At last count over five hundred homes have been counted as completely lost.

However…the following days would prove that the most important things in life are surely non-flammable.

Epilogue:

 

Sometime after posting this story I received the following reply:

 

“Those two “seriously burned ladies” were my mother and sister.

ESA couldn’t get ambulances, air evacuation or foot soldiers in to get them out of that equestrian centre, where “the air was on fire”.

By some spear of fate, at the equestrian centre there was an ex-nurse who drove them in in the back of her vehicle (the ute in question), understanding the severity of their injuries at that initial moment.

She had somehow had the wherewithal to fill up bottles of water which she gave to them, instructing them to “sip, pour it over yourselves, and keep talking to me…” as she drove them to the emergency room at Canberra Hospital.

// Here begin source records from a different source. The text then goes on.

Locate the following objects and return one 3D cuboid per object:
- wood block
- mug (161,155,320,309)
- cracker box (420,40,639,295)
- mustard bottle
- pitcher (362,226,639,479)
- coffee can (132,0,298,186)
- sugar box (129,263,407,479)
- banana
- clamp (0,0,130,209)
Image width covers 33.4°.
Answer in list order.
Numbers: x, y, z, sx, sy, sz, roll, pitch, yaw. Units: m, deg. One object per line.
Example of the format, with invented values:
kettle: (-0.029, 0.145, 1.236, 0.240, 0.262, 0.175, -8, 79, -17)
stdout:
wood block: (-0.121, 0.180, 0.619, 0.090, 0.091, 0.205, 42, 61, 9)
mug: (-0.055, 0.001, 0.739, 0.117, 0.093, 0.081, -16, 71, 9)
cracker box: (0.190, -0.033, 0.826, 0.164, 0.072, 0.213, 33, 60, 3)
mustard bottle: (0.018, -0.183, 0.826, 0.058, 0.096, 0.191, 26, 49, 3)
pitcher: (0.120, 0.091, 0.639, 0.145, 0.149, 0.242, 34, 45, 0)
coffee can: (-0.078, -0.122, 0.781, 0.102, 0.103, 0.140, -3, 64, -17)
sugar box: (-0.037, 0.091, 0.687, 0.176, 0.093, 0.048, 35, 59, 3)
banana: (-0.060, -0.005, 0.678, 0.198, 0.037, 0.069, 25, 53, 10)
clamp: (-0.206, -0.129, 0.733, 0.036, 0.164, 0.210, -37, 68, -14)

They walked into the emergency room. I know this only because I saw footage on ABC a few weeks later: some shaky, phone-filmed memory. I saw my sister walking from behind, t-shirt gone, hair matted, skin bubbled yellow and black, teetering in that unsteady, shock-ridden gait. She would not walk again for several months.

I didn’t see them on their initial admission into Canberra hospital. I saw them 24 hours later – after they were flown to Sydney where they would stay in Concord Hospital, for the year-long hospitalisation that began the exhaustive and emotionally wrenching road ‘home’.

I can only imagine what kind of mettle it takes to be nurse. I saw more horror in that year than I ever imagined I would or should.

That first moment I saw them after the initial injury still haunts me. Blistered, skin surgically and strategically sliced to prevent rupturing from the intense swelling from the body’s reaction to burns. Half bandaged, stinking of salt, sweat, antiseptic and scorched flesh.

My 20-year old sister and my mother had become two great swollen mounds of fluid and dressings and blistered flesh, unrecognisable except only by their teeth and nostrils.

Irreconcilable with the image of the people I knew and loved.

Somehow, the four of us (mother, sister, father and I) made it here, to January 18th, 2013.

Anything I say couldn’t possibly express the gratitude I owe to the people who helped us on that black day in 2003, and the tumultuous years following.

I was myself hospitalised some years after with my own various mental health issues (not in the least, PTSD related to the events of 2003).

So I suppose a great deal of my thanks goes to those numerous nurses. Who have been with us at so many points along the way, even from those first critical minutes. Those teeth-gritting, tear-jerking, stubbornly good-to-the-bone nurses.

They are the people who give care even when the giving seems cruel.

I can’t thank you enough, as it’s quite likely you held my sister or my mother in your hands that day.”